## Session Initialization

In [1]:
import pyspark
from pyspark import SparkContext
from pathlib import Path

sc = SparkContext()
spark = pyspark.sql.SparkSession(sc, jsparkSession=None)

## Read Json file

In [2]:
path = Path.cwd().parent / "Files" / "bookcontents.json"
file = str(path)

bookDF = spark.read.json(file)

## Schema

In [3]:
bookDF.printSchema()

root
 |-- Chapter: long (nullable = true)
 |-- Name: string (nullable = true)
 |-- Page: long (nullable = true)



## Action

In [4]:
bookDF.show()

+-------+--------------------+----+
|Chapter|                Name|Page|
+-------+--------------------+----+
|      1|        Introduction|  11|
|      2|Basic Engineering...|  19|
|      3|Advanced Engineer...|  28|
|      4|     Hands On Course|  60|
|      5|        Case Studies|  62|
|      6|Best Practices Cl...|  73|
|      7|130+ Data Sources...|  77|
|      8|1001 Interview Qu...|  82|
|      9|Recommended Books...|  87|
+-------+--------------------+----+



## Transformations

In [5]:
df1 = bookDF.select("Page", "Chapter", "Name").where("Chapter % 2 = 0").orderBy("Page", ascending=False)
df1.show()

+----+-------+--------------------+
|Page|Chapter|                Name|
+----+-------+--------------------+
|  82|      8|1001 Interview Qu...|
|  73|      6|Best Practices Cl...|
|  60|      4|     Hands On Course|
|  19|      2|Basic Engineering...|
+----+-------+--------------------+



## Chaining -> Query

In [6]:
bookDF.select("Chapter","Name","Page").where("Page % 2 = 0").orderBy("Chapter").show()

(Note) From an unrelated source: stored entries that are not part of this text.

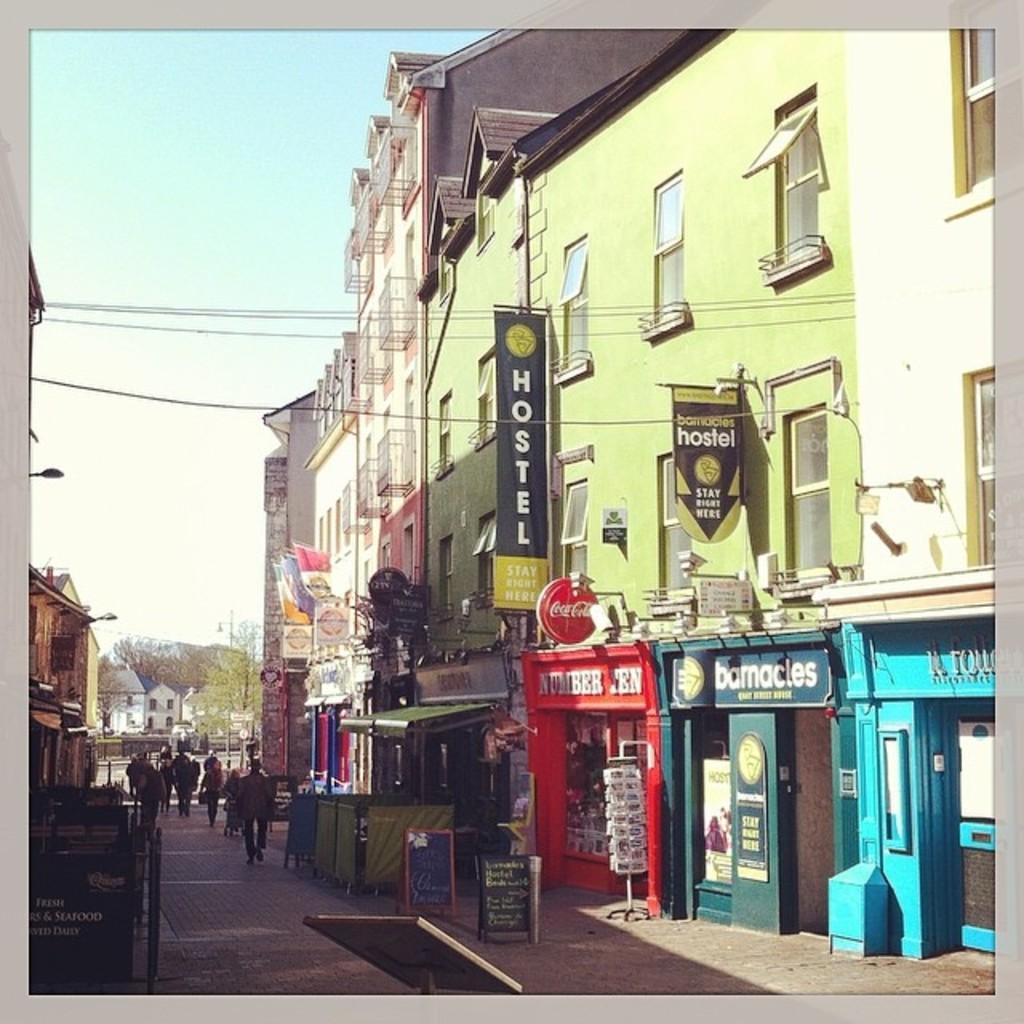Describe this image in one or two sentences. In the center of the image we can see the sky, buildings, trees, banners, windows, boards with some text, wires, few people are walking and a few other objects. 
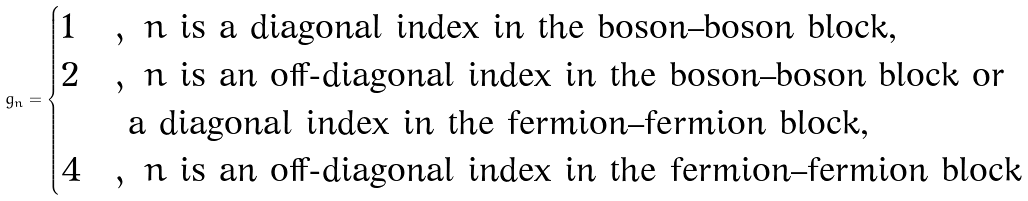<formula> <loc_0><loc_0><loc_500><loc_500>g _ { n } = \begin{cases} 1 & , \ n \text { is a diagonal index in the boson--boson block,} \\ 2 & , \ n \text { is an off-diagonal index in the boson--boson block or} \\ & \text { a diagonal index in the fermion--fermion block,} \\ 4 & , \ n \text { is an off-diagonal index in the fermion--fermion block} \end{cases}</formula> 
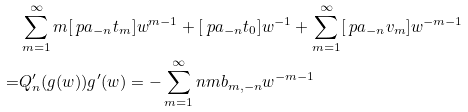<formula> <loc_0><loc_0><loc_500><loc_500>& \sum _ { m = 1 } ^ { \infty } m [ \ p a _ { - n } t _ { m } ] w ^ { m - 1 } + [ \ p a _ { - n } t _ { 0 } ] w ^ { - 1 } + \sum _ { m = 1 } ^ { \infty } [ \ p a _ { - n } v _ { m } ] w ^ { - m - 1 } \\ = & Q _ { n } ^ { \prime } ( g ( w ) ) g ^ { \prime } ( w ) = - \sum _ { m = 1 } ^ { \infty } n m b _ { m , - n } w ^ { - m - 1 }</formula>

+-------+--------------------+----+
|Chapter|                Name|Page|
+-------+--------------------+----+
|      3|Advanced Engineer...|  28|
|      4|     Hands On Course|  60|
|      5|        Case Studies|  62|
|      8|1001 Interview Qu...|  82|
+-------+--------------------+----+



## Save File

In [None]:
df1.write.json("df1")